I have a very large pyspark dataframe and I took a sample and convert it into pandas dataframe
sample = heavy_pivot.sample(False, fraction = 0.2, seed = None)
sample_pd = sample.toPandas()
The dataframe looks like this:
sample_pd[['client_id', 'beer_freq']].head(10)
client_id beer_freq
0 1000839 0.000000
1 1002185 0.000000
2 1003366 1.000000
3 1005218 1.000000
4 1005483 1.000000
5 100964 0.434783
6 101272 0.166667
7 1017462 0.000000
8 1020561 0.000000
9 1023646 0.000000
I want to plot a histogram of column "beer_freq"

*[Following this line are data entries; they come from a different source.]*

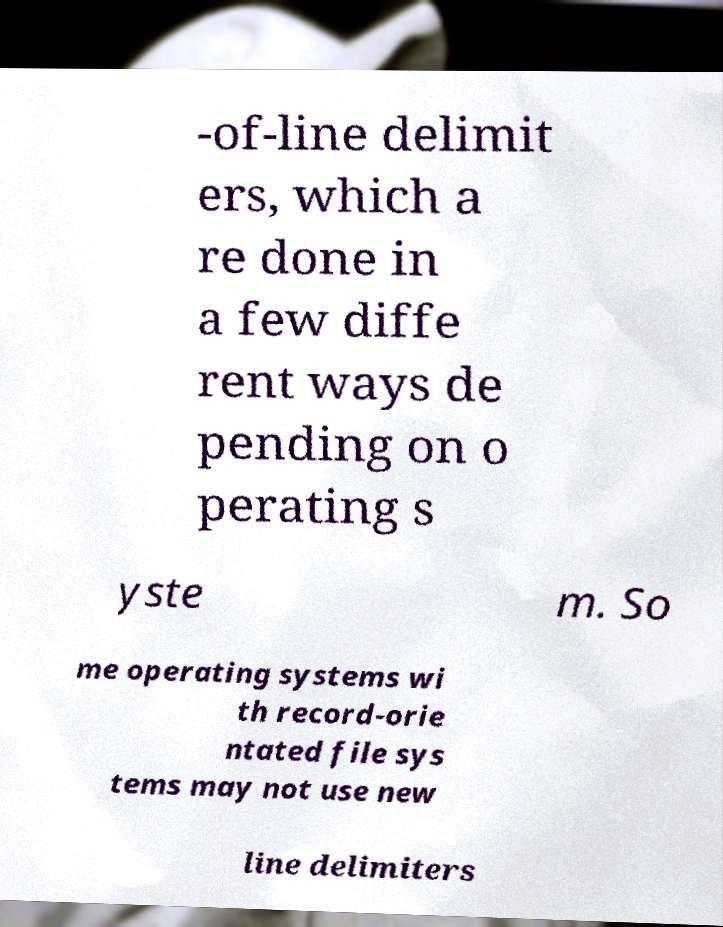Please read and relay the text visible in this image. What does it say? -of-line delimit ers, which a re done in a few diffe rent ways de pending on o perating s yste m. So me operating systems wi th record-orie ntated file sys tems may not use new line delimiters 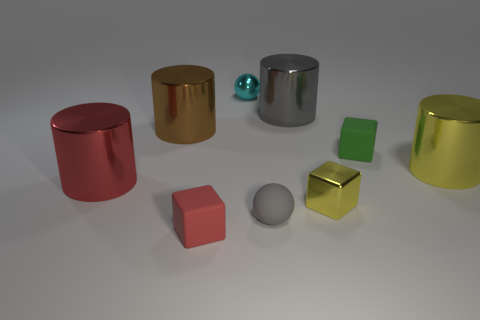Are there any big yellow objects that have the same shape as the red metal object?
Provide a short and direct response. Yes. What is the size of the gray object behind the yellow metal thing that is to the left of the yellow metallic cylinder?
Provide a short and direct response. Large. The brown metallic object has what shape?
Give a very brief answer. Cylinder. What material is the small thing that is to the left of the tiny cyan metallic sphere?
Offer a very short reply. Rubber. What color is the sphere behind the large cylinder that is in front of the large shiny cylinder right of the tiny green thing?
Make the answer very short. Cyan. What is the color of the shiny ball that is the same size as the yellow metal block?
Offer a terse response. Cyan. What number of matte things are small cyan spheres or red objects?
Ensure brevity in your answer.  1. The small block that is the same material as the green object is what color?
Offer a very short reply. Red. What material is the red thing that is behind the rubber block to the left of the tiny rubber sphere?
Keep it short and to the point. Metal. What number of things are tiny things to the left of the small green cube or tiny cubes that are to the right of the tiny yellow object?
Your response must be concise. 5. 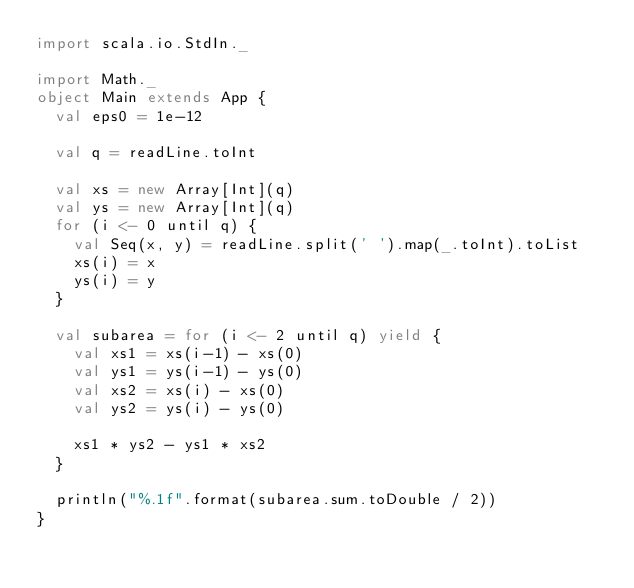Convert code to text. <code><loc_0><loc_0><loc_500><loc_500><_Scala_>import scala.io.StdIn._

import Math._
object Main extends App {
  val eps0 = 1e-12

  val q = readLine.toInt

  val xs = new Array[Int](q)
  val ys = new Array[Int](q)
  for (i <- 0 until q) {
    val Seq(x, y) = readLine.split(' ').map(_.toInt).toList
    xs(i) = x
    ys(i) = y
  }

  val subarea = for (i <- 2 until q) yield {
    val xs1 = xs(i-1) - xs(0)
    val ys1 = ys(i-1) - ys(0)
    val xs2 = xs(i) - xs(0)
    val ys2 = ys(i) - ys(0)

    xs1 * ys2 - ys1 * xs2
  }

  println("%.1f".format(subarea.sum.toDouble / 2))
}
</code> 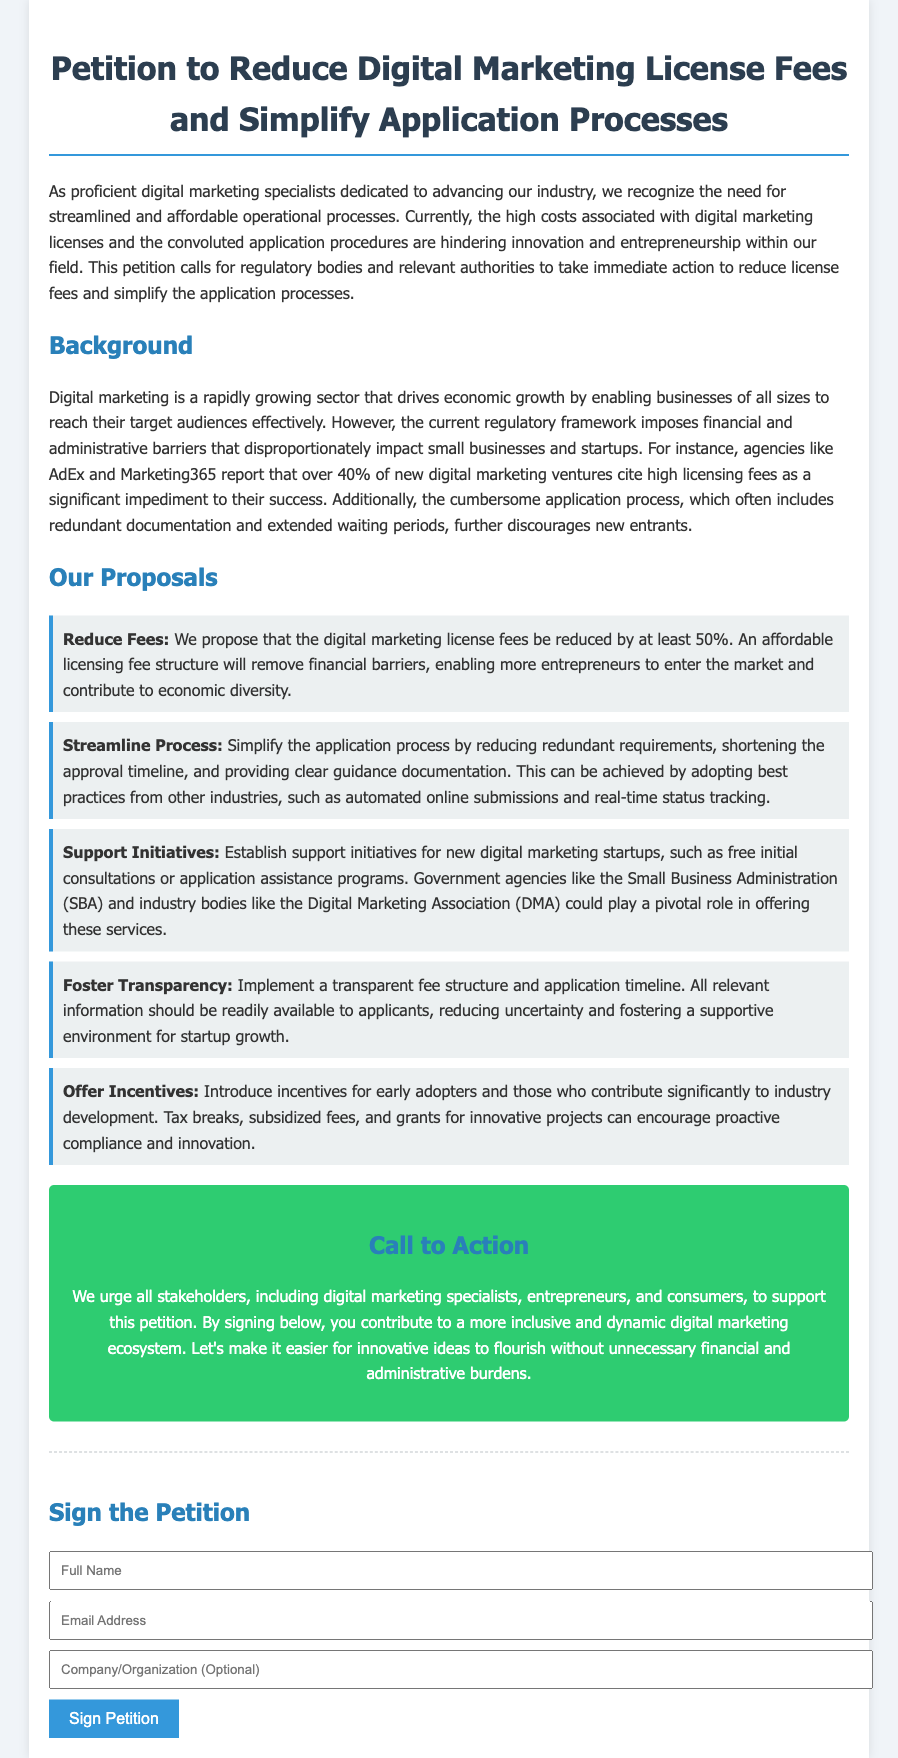What is the title of the petition? The title of the petition is provided at the top of the document, which states the main purpose clearly.
Answer: Petition to Reduce Digital Marketing License Fees and Simplify Application Processes What percentage of new digital marketing ventures cite high licensing fees as a significant impediment? The document mentions a specific statistic regarding the impact of licensing fees on new ventures.
Answer: 40% What is one of the proposals made in the document? The document lists various proposals aimed at improving the digital marketing landscape.
Answer: Reduce Fees Which government agency is mentioned as a potential supporter for new digital marketing startups? The document references specific organizations that could assist with support initiatives for startups.
Answer: Small Business Administration (SBA) What is the color of the call to action section? The document describes the styling choices for different sections, specifically noting the color of the call to action.
Answer: Green How many proposals are listed in the document? The document specifies the number of distinct proposals that address the main issues.
Answer: Five What is the purpose of the signature section? The signature section's intent is to encourage support for the petition by gathering names and contact information.
Answer: To sign the petition What does the petition urge stakeholders to do? The document calls upon various stakeholders to take specific action regarding the petition.
Answer: Support this petition 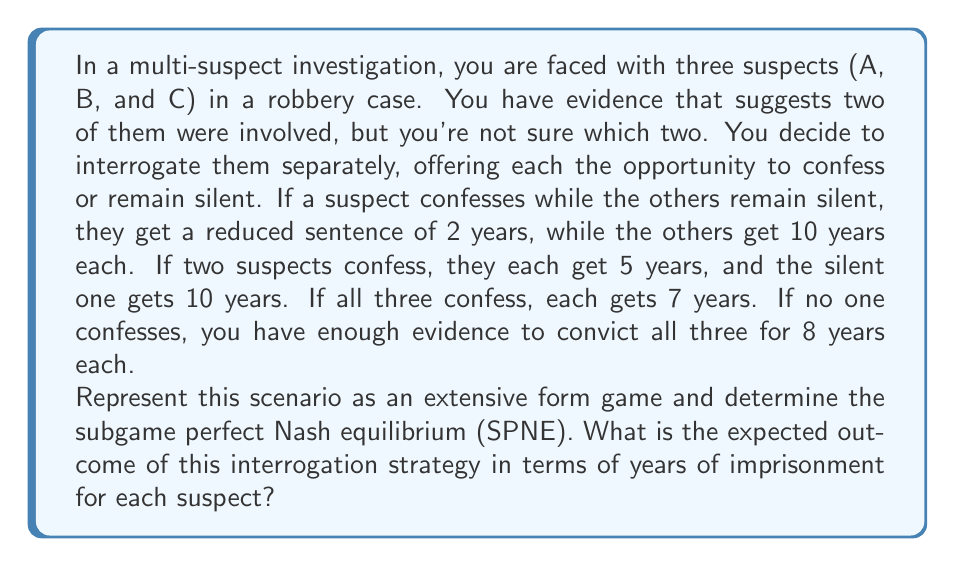Provide a solution to this math problem. To solve this problem, we need to follow these steps:

1) First, let's represent the game in extensive form. Since there are three players with two choices each, we have $2^3 = 8$ possible outcomes.

2) We can represent the payoffs (in negative years of imprisonment) as follows:

   $$(A, B, C)$$
   Confess, Confess, Confess: $(-7, -7, -7)$
   Confess, Confess, Silent: $(-5, -5, -10)$
   Confess, Silent, Confess: $(-5, -10, -5)$
   Silent, Confess, Confess: $(-10, -5, -5)$
   Confess, Silent, Silent: $(-2, -10, -10)$
   Silent, Confess, Silent: $(-10, -2, -10)$
   Silent, Silent, Confess: $(-10, -10, -2)$
   Silent, Silent, Silent: $(-8, -8, -8)$

3) To find the subgame perfect Nash equilibrium, we use backward induction. We start from the end of the game tree and work our way back.

4) For each suspect, confessing is a dominant strategy:
   - If the other two confess, confessing gives -7 years instead of -10.
   - If one other confesses and one is silent, confessing gives -5 years instead of -10.
   - If both others are silent, confessing gives -2 years instead of -8.

5) Therefore, the unique SPNE is (Confess, Confess, Confess).

6) In this equilibrium, each suspect will serve 7 years in prison.
Answer: The subgame perfect Nash equilibrium is (Confess, Confess, Confess), resulting in each suspect serving 7 years in prison. 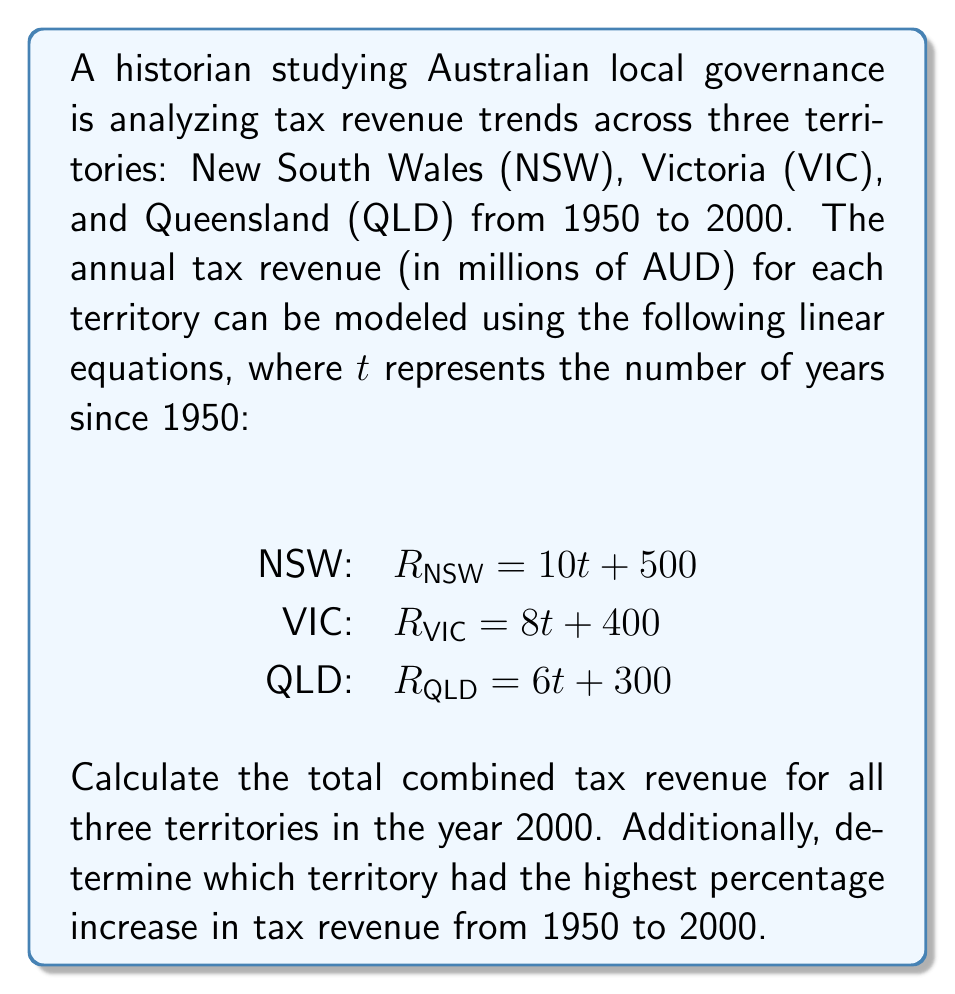Show me your answer to this math problem. To solve this problem, we'll follow these steps:

1. Calculate the tax revenue for each territory in 2000:
   The year 2000 is 50 years after 1950, so we'll use $t = 50$ in each equation.

   NSW: $R_{NSW} = 10(50) + 500 = 1000$
   VIC: $R_{VIC} = 8(50) + 400 = 800$
   QLD: $R_{QLD} = 6(50) + 300 = 600$

2. Sum the revenues to get the total combined tax revenue in 2000:
   $R_{total} = R_{NSW} + R_{VIC} + R_{QLD} = 1000 + 800 + 600 = 2400$ million AUD

3. Calculate the percentage increase for each territory:
   We need to find the revenue in 1950 ($t = 0$) and in 2000 ($t = 50$) for each territory.

   NSW:
   1950: $R_{NSW,1950} = 10(0) + 500 = 500$
   2000: $R_{NSW,2000} = 1000$
   Percentage increase: $\frac{1000 - 500}{500} \times 100\% = 100\%$

   VIC:
   1950: $R_{VIC,1950} = 8(0) + 400 = 400$
   2000: $R_{VIC,2000} = 800$
   Percentage increase: $\frac{800 - 400}{400} \times 100\% = 100\%$

   QLD:
   1950: $R_{QLD,1950} = 6(0) + 300 = 300$
   2000: $R_{QLD,2000} = 600$
   Percentage increase: $\frac{600 - 300}{300} \times 100\% = 100\%$

4. Compare the percentage increases:
   All three territories have the same percentage increase of 100%.
Answer: The total combined tax revenue for all three territories in the year 2000 is 2400 million AUD. All three territories (NSW, VIC, and QLD) had the same percentage increase of 100% in tax revenue from 1950 to 2000. 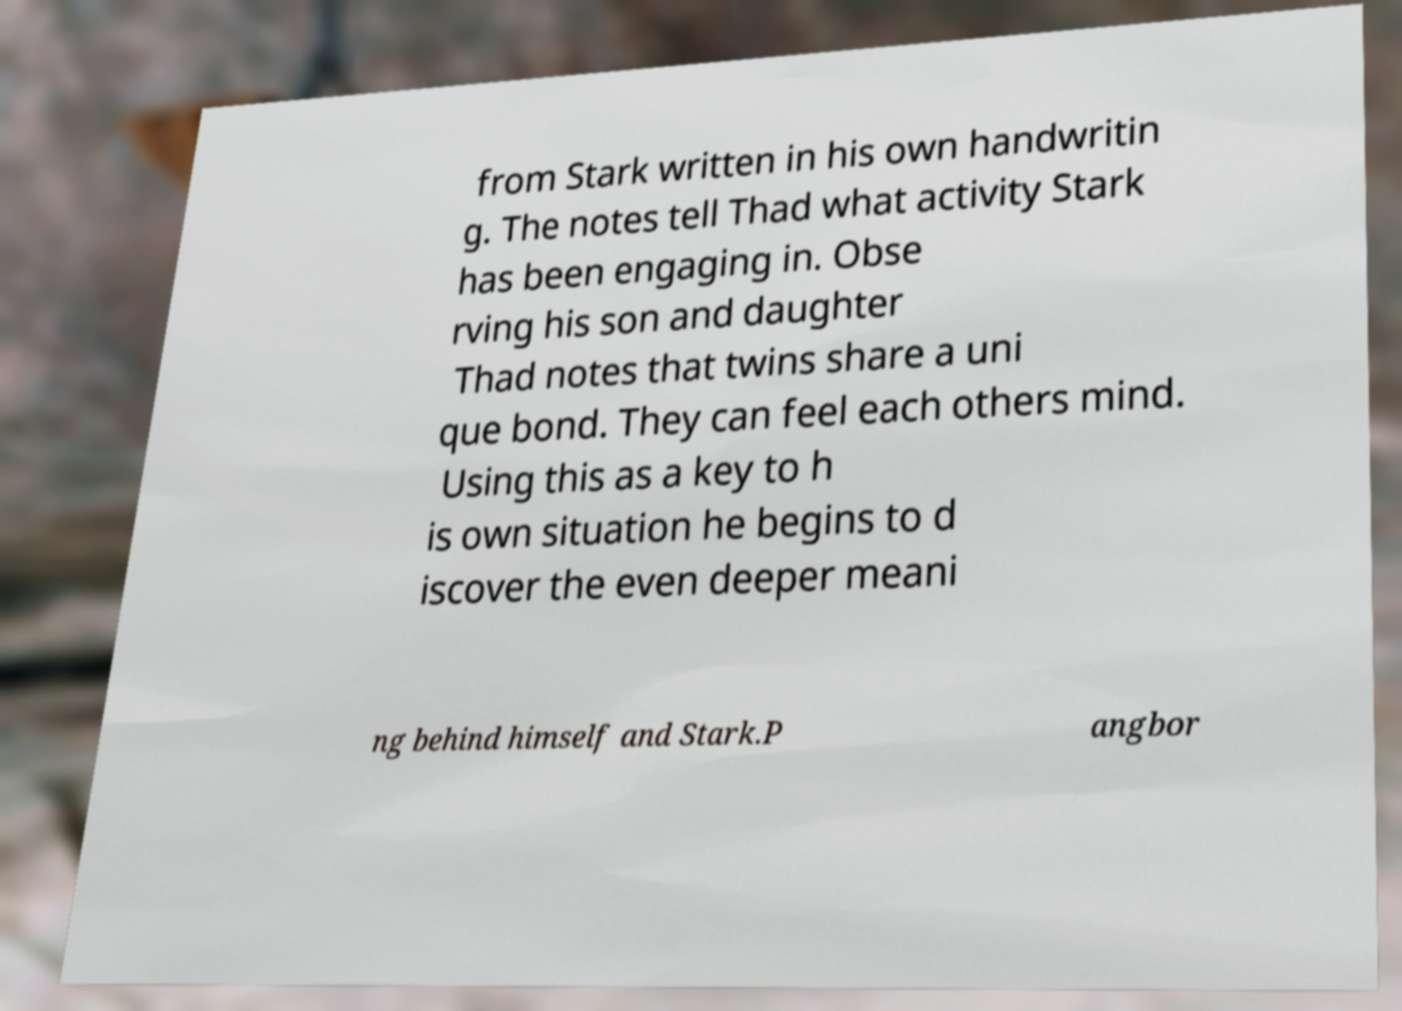Could you extract and type out the text from this image? from Stark written in his own handwritin g. The notes tell Thad what activity Stark has been engaging in. Obse rving his son and daughter Thad notes that twins share a uni que bond. They can feel each others mind. Using this as a key to h is own situation he begins to d iscover the even deeper meani ng behind himself and Stark.P angbor

import matplotlib.pyplot as plt
matplotlib.pyplot.switch_backend('agg')
sample_pd.hist('beer_freq', bins = 100)
The plot did not show up... It gives results like this:
>>>array([[<matplotlib.axes._subplots.AxesSubplot object at 0x7f60f6fd0750>]], dtype=object)
It seems like that I cannot write general python code using matplotlib and pandas dataframe to plot figures in pyspark environment.
If I call plt.show() Nothing happens...

plt.show()?plt.show()Nothing happens. It is so weird.